▸ **PROBLEM**
Within the entries below, the lines from the one with "Locate the cracker" through the one with "In this photo, enclose" are to be set down exactly, both ends kept.

[Data entries]
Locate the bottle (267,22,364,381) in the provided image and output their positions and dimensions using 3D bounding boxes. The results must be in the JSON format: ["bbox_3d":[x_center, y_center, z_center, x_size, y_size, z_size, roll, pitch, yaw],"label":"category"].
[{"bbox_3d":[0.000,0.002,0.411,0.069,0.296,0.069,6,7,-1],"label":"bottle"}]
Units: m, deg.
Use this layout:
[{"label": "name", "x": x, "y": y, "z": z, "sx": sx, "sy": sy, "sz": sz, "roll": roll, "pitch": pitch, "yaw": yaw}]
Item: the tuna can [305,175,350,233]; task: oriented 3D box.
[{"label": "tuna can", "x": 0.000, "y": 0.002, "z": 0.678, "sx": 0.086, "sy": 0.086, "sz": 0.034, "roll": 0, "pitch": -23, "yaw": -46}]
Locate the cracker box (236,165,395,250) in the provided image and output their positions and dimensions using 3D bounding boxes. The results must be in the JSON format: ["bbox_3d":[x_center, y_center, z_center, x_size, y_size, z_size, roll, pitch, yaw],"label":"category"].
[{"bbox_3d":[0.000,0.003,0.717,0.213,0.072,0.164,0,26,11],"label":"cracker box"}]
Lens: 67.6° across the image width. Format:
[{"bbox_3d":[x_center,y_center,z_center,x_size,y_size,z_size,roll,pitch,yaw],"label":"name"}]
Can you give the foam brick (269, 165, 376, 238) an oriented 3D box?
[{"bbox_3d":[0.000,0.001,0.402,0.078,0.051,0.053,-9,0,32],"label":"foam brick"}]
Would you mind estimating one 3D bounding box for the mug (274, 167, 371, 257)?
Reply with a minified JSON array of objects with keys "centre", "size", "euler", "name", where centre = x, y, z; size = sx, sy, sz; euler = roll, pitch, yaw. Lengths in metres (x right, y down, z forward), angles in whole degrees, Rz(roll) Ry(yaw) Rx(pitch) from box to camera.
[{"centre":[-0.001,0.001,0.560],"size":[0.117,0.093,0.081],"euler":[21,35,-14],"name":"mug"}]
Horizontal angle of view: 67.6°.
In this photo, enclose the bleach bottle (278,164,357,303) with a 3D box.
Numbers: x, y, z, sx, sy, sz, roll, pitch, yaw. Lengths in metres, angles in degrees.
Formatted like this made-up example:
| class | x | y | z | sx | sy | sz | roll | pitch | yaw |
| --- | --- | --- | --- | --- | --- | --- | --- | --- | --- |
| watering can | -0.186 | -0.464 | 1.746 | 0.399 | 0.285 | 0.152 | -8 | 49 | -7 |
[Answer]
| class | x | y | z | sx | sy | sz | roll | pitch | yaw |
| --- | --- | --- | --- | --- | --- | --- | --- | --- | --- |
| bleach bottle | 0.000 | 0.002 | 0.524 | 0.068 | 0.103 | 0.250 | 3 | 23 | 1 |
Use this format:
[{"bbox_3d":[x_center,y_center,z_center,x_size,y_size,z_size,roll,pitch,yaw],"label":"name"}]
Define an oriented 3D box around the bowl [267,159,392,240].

▸ **WRITTEN RESPONSE**
Locate the cracker box (236,165,395,250) in the provided image and output their positions and dimensions using 3D bounding boxes. The results must be in the JSON format: ["bbox_3d":[x_center, y_center, z_center, x_size, y_size, z_size, roll, pitch, yaw],"label":"category"].
[{"bbox_3d":[0.000,0.003,0.717,0.213,0.072,0.164,0,26,11],"label":"cracker box"}]
Lens: 67.6° across the image width. Format:
[{"bbox_3d":[x_center,y_center,z_center,x_size,y_size,z_size,roll,pitch,yaw],"label":"name"}]
Can you give the foam brick (269, 165, 376, 238) an oriented 3D box?
[{"bbox_3d":[0.000,0.001,0.402,0.078,0.051,0.053,-9,0,32],"label":"foam brick"}]
Would you mind estimating one 3D bounding box for the mug (274, 167, 371, 257)?
Reply with a minified JSON array of objects with keys "centre", "size", "euler", "name", where centre = x, y, z; size = sx, sy, sz; euler = roll, pitch, yaw. Lengths in metres (x right, y down, z forward), angles in whole degrees, Rz(roll) Ry(yaw) Rx(pitch) from box to camera.
[{"centre":[-0.001,0.001,0.560],"size":[0.117,0.093,0.081],"euler":[21,35,-14],"name":"mug"}]
Horizontal angle of view: 67.6°.
In this photo, enclose the bleach bottle (278,164,357,303) with a 3D box.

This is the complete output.